One-page checklist (study-ready transparency plan).

• Protocol/SAP specify what will be shared (datasets, code, CSR/summary), when, and via which channel (public, managed portal, enclave).
• ADaM datasets complete with define.xml, analysis data guide, and lineage to SDTM; seeds and software versions captured.
• Executable workflow present (scripts or container) to regenerate primary TFLs; QC logs and unit tests included.
• Anonymization plan approved; risk metrics documented; redaction log prepared; DPIA/HIPAA determinations on file.
• DUA template finalized; DAC membership and SOPs published; decision SLAs and appeal path defined.
• Registry entries up to date; results and lay summaries posted within timelines.
• Access logs (with UTC offsets) and metrics dashboards active; periodic reports to governance/QA.
• Outbound references included to FDA, EMA, PMDA, TGA, ICH, and WHO.
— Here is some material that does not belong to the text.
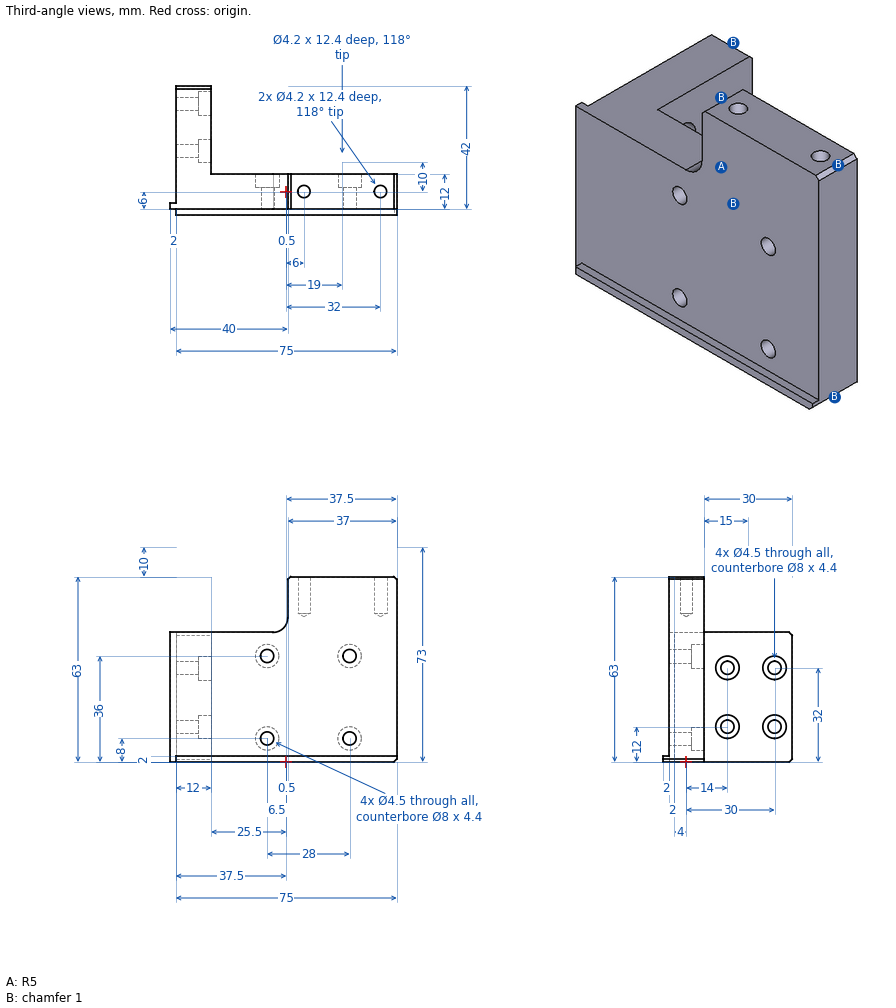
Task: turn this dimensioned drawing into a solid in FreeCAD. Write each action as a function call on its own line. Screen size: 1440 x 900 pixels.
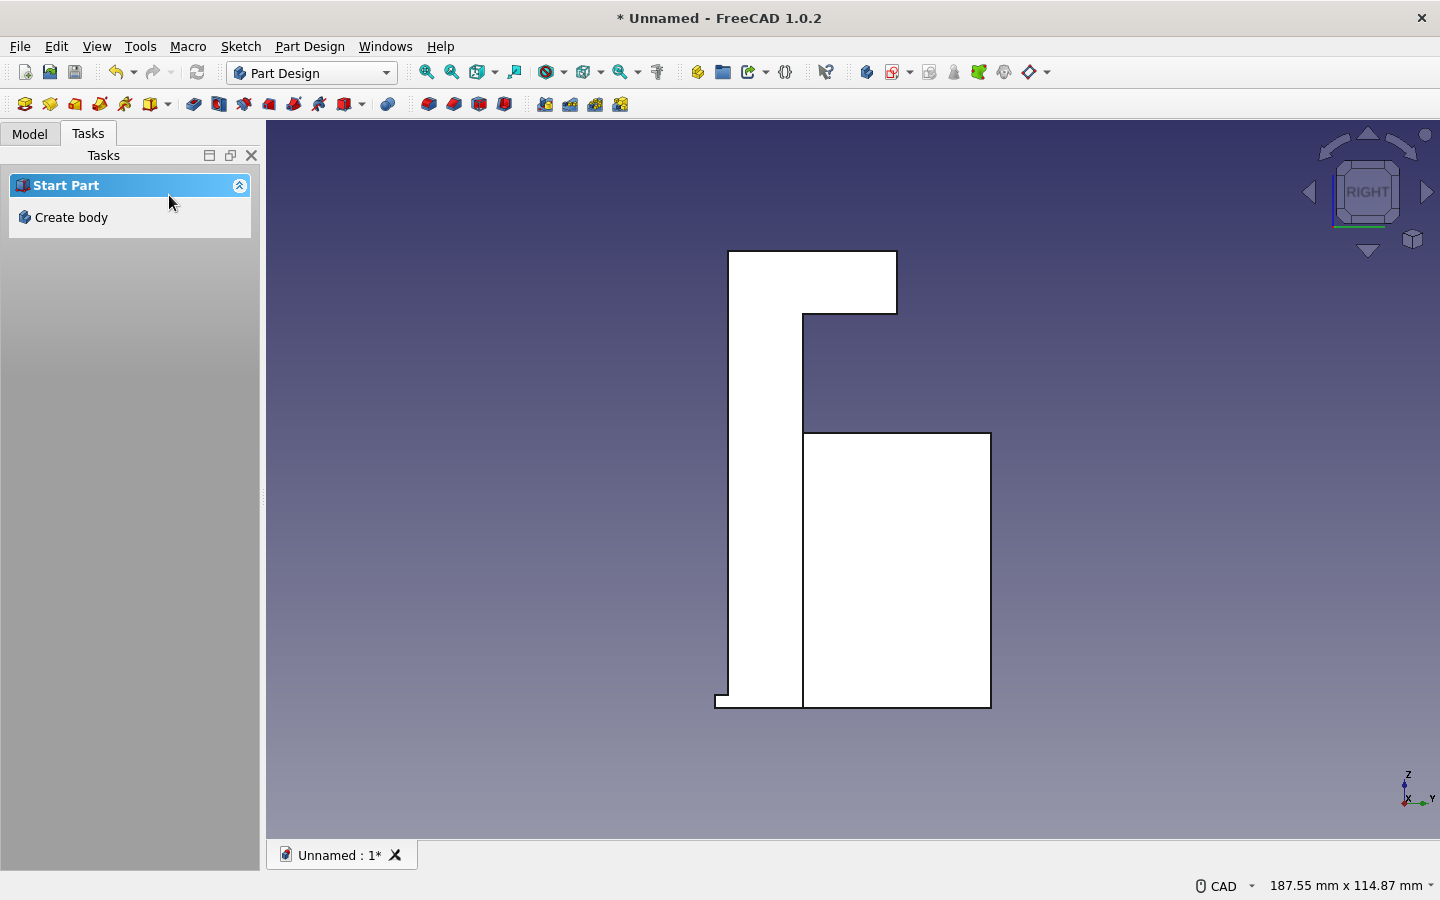
click(897, 530)

Bottom line. Transparency is a design decision. When sponsors plan for registries, redaction/anonymization, reproducible analysis packages, and equitable access from the start—and document everything with audit-ready provenance—independent scientists can verify results, patients and investigators see value in participation, and regulators across the FDA, EMA, PMDA, TGA and the ICH community can rapidly trust what is presented, aligned with the public-health mission of the WHO.